= Scott L. Fenstermaker =

Scott L. Fenstermaker is an American criminal defense lawyer based in New York City, known for his work on behalf of Guantanamo Bay detainees.

==Education==

Fenstermaker received a Bachelor of Science from the United States Air Force Academy in 1984 and a Juris Doctor from Harvard Law School in 1992.

==Legal career==

Fenstermaker is notable for volunteering to serve detainees at Guantanamo Bay detention camp in their attempts to access the U.S. justice system. According to the American Lawyer magazine, there are insufficient lawyers with experience defending death sentence cases to assist the Guantanamo detainees charged with capital offenses.

In a series of court documents Fenstermaker described difficulties meeting with, and corresponding with Guantanamo detainees.

He described writing to, and receiving authorization to serve as the counsel for two of the fourteen "high value detainees" transferred to military custody in Guantanamo from covert detention in the CIA's network of black sites in September 2006.

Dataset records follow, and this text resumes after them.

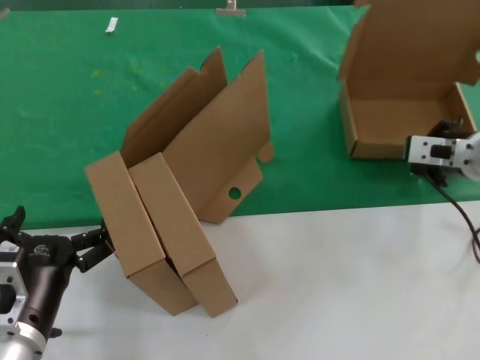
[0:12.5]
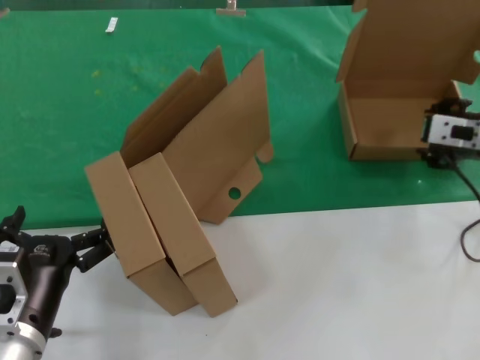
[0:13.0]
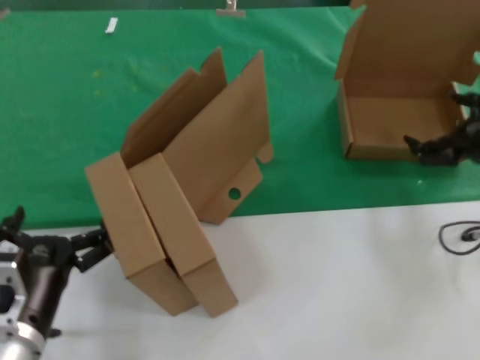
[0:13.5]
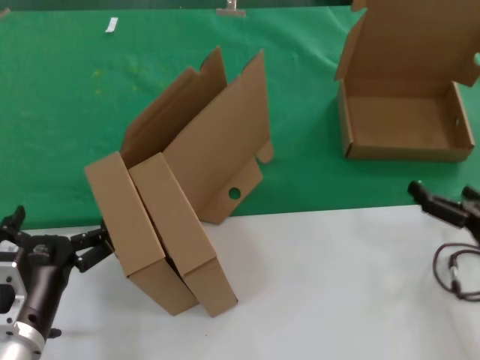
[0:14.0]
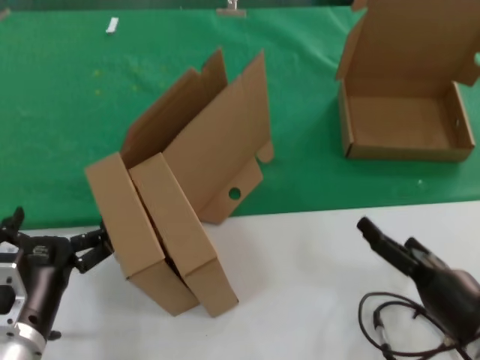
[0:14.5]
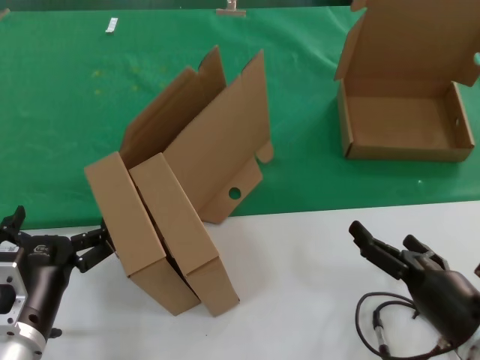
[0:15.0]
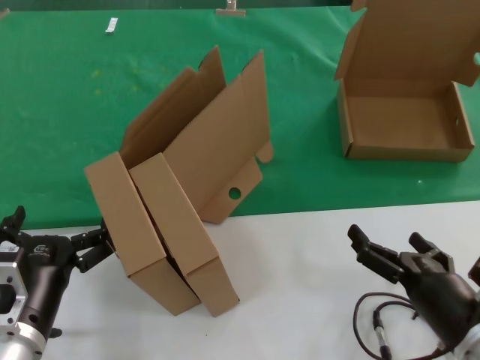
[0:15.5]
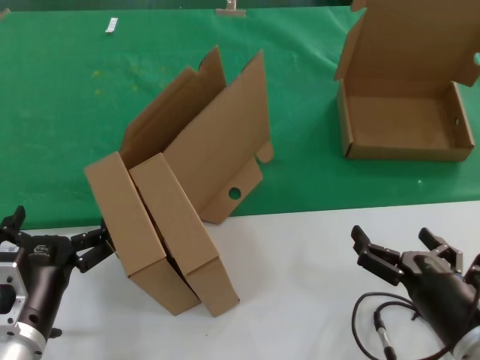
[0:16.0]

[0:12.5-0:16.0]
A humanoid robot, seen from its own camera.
Task of the whole recording: pick up the paper box and put it at the back.
0:12.5 to 0:14.5: The right hand travels backward and downward by approximately 25 cm.

On June 1, 2009, the New York Times published an article about the dispute over who was going to represent
Ahmed Ghailani, the first Guantanamo detainee to be transferred from military custody to face trial in the US civilian court system.
According to the article Judge Kevin Thomas Duffy ordered an explanation from Fenstermaker as to how he became Ghailani's lawyer.

===Civil Action No. 08-cv-1085===
Civil Action No. 08-cv-1085 is a writ of habeas corpus filed after the U.S. Supreme Court ruling in Boumediene v. Bush.

Fenstermaker and another team of lawyers have both filed petitions on behalf of Rahim Al Nashiri—one of the fourteen "high value detainees" transferred from CIA's network of secret interrogation centers known as "black site."

On October 3, 2008 Judge Thomas F. Hogan ordered Fenstermaker to show cause why the petition he filed on behalf of Al Nashiri shouldn't be dismissed, as a duplication of Civil Action No. 08-cv-1207. Hogan wrote that 08-cv-1207, filed on behalf of Al Nashiri by lawyers in the office of the Nevada Public Defender had been directly authorized, whereas Fenstermaker's was not. Fenstermaker replied that he had a longer history with Al Nashiri than the Nevada lawyers and that he had letters authorizing him to act on behalf of Al-Nashiri, whereas the Nevada lawyers do not.

On January 6, 2009, Fenstermaker submitted a "proposed order" to Thomas F. Hogan.
The proposed order would have ordered the Department of Defense to stop interfering with Fenstermaker's ability to communicate with Ammar Al Baluchi and Mustafa Bin Ammad Al Hawsawi, and to allow Fenstermaker to travel to Guantanamo to meet with them. On January 13, 2009, Hogan issued the order that Fenstermaker had proposed.

On March 25, 2009, Fenstermaker filed a "preliminary statement" in Ammar al-Baluchi v. Robert Gates.
His statement was a response to a March 2, 2009, filing from the Department of Justice which they called an "Opposition to motion to file a document under seal".
Fenstermaker said that Al Baluchi had authorized him to serve as his attorney in a letter he drafted on May 26, 2008, but that the letter had not reached him until August 2008.

Fenstermaker told the court that he still hadn't been allowed to meet with Al Baluchi, that physical letters were the only way he and Al Baluchi had communicated, and that since July 2008 the Department of Defense had been returning his letters to him, rather than delivering them.
Consequently, he told the court, Al Baluchi was unaware of the activities he was taking on his behalf.
Fenstermaker told the court that the new letter of authorization the Department of Justice was arguing he should be required to file was not reasonable, since the Department of Defense was interfering with his ability to send and receive mail with Al Baluchi.

===Criminal charges and suspension===
In November 2022, Fenstermaker was charged with trespassing, assault, reckless conduct, and attempted theft. He moved to Maine and was suspended from the practice of law for three years in March of 2024.